The Shan Noodles were probably the best food we had in all of Myanmar, and we had to fight to keep from ordering them for every meal. Just enough richness and spice to satisfy and not enough to leave you feeling tired, we honestly looked forward to splitting this noodle bowl every day (and made ourselves try other dishes for our other meal, despite wanting to eat this 2x/day).
The hotel has a small stock of bikes that guests can rent for only $1/hour ($3/4 hours, $5/8 hours). While the village nearby is easily walkable, the bikes are perfect for exploring just a little further away – and Red Mountain Vineyards is the best destination. The hilltop vineyard is about 1.5 hours round-trip (not including stops). It’s a relaxing place to grab a bite to eat and do a wine tasting (with four wines) for 2,000 MMK (~$1).

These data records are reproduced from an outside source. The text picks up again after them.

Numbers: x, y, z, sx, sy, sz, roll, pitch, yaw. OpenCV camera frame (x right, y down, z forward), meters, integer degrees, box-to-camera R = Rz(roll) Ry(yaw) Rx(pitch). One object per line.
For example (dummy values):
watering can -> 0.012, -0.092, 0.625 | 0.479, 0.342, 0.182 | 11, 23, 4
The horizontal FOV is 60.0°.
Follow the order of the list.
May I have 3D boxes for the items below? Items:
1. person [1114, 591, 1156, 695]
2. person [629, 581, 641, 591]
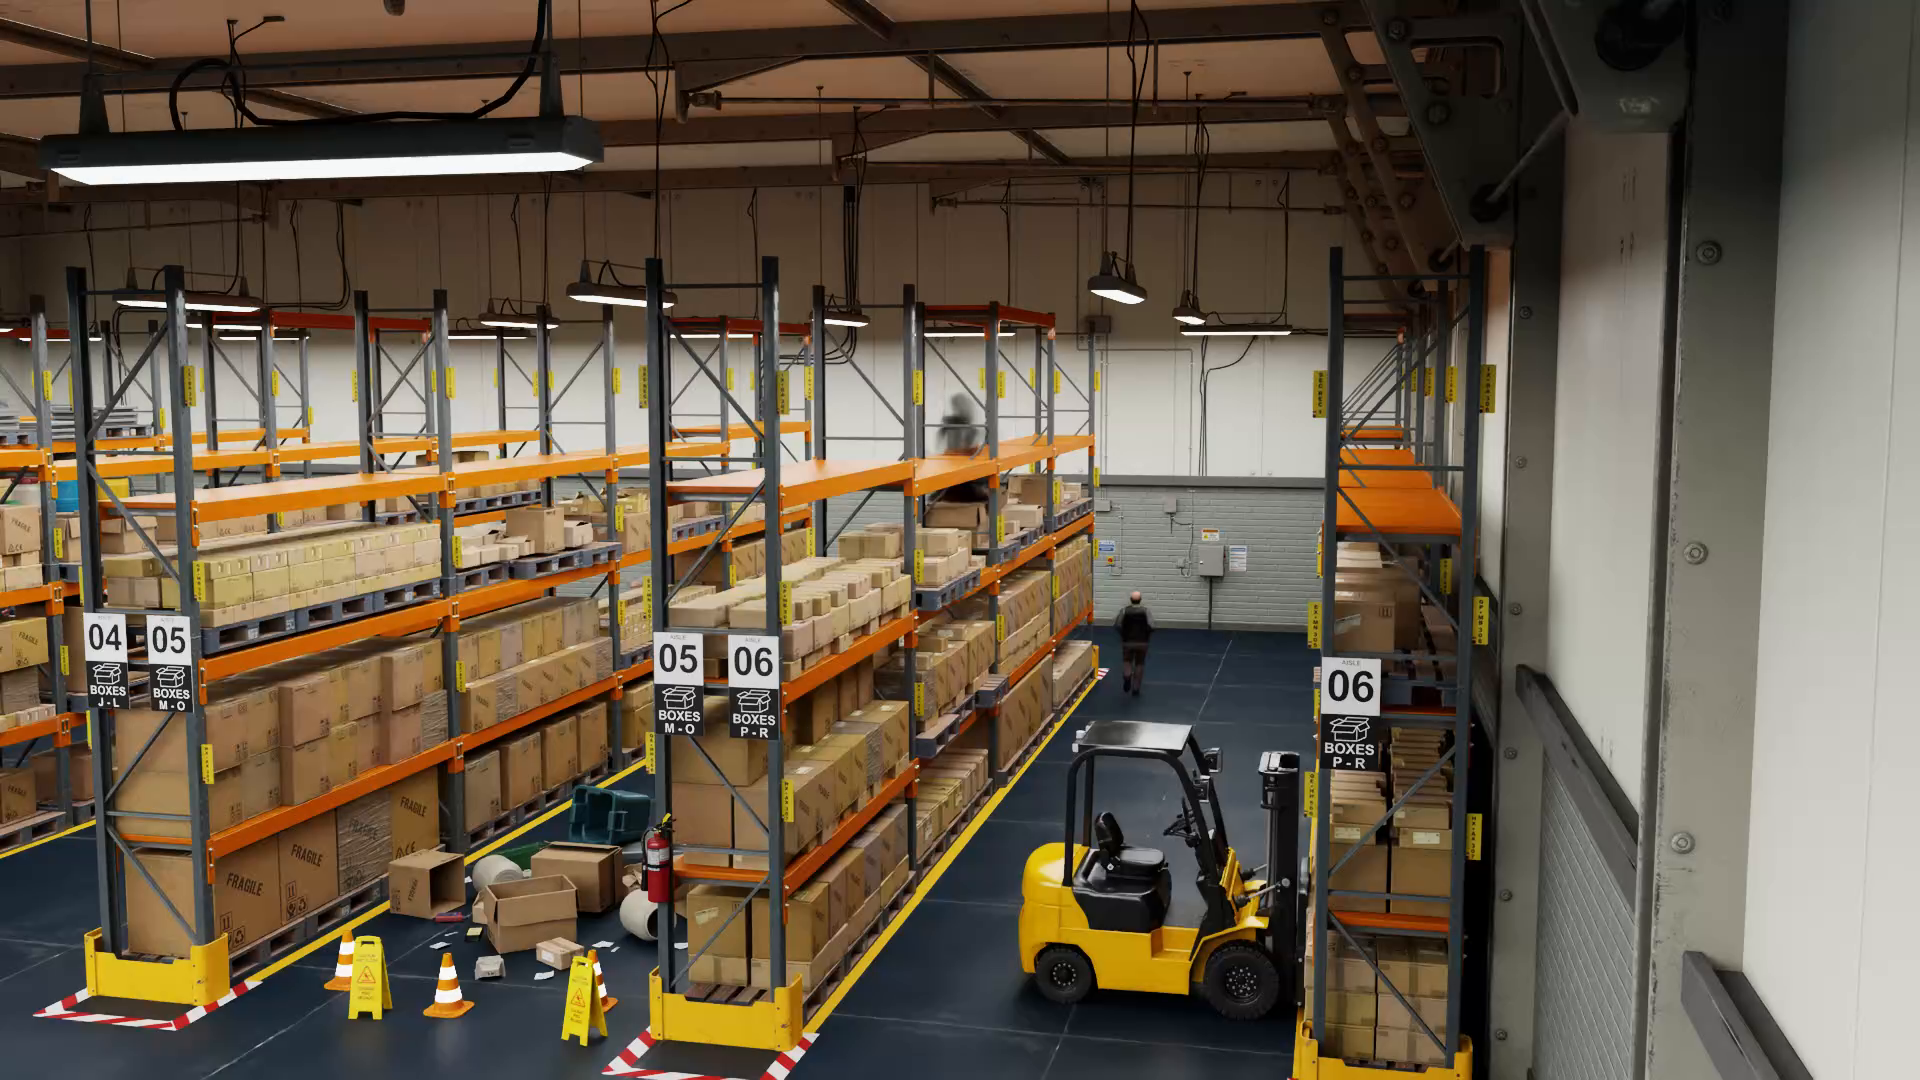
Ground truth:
person -> 2.801, 1.640, 26.628 | 0.656, 1.673, 0.604 | 1, 6, 8
person -> -5.343, 1.523, 27.636 | 0.694, 1.727, 0.670 | 2, 6, 17

Nyuanshwe is the main town – and the best place to stay on a budget. It’s got more of a hostel-type vibe, with young tourists walking the streets and the highest chance for a nightlife experience. In Nyuanshwe, we were finally able to find a sunscreen that didn’t look like it would permanently bleach our faces (the Burmese like to stay very, very white, so “bleaching lotions” are popular). Almost all of the sunscreen for sale brags about it’s “whitening” properties, so it’s a little ironic that we were shopping for a sunscreen with a low SPF to get a bit darker. It’s interesting to learn what different cultures seek.
NEARBY THE HOTEL
One of our favorite parts about traveling is exploring areas where the locals live. Eating where the locals eat, checking out what they do and see – these adventures are always at the top of our list when visiting a new place. We got the sense that most (if not all) of the other hotel guests stayed within the confines of the hotel at all times – not so for us. I think the hotel staff was shocked to see us trekking up the dirt road back to the hotel carrying armloads of bottled water that we’d purchased up the road for $1/bottle (the hotel was charging $3/bottle).
We found some cheap roadside restaurants where we popped in for lunches to switch things up from the hotel on some days. The people were (of course) friendly and welcoming – and many of the locals were pretty amused to see us coming in. While eating at these street restaurants, we saw many ox-drawn carts bringing the farmers to and from the nearby fields.
Walking nearby the hotel was pretty uneventful, but it was fun to see what’s going on by the shores of the lake—we found out most of the activity is happening on the lake itself!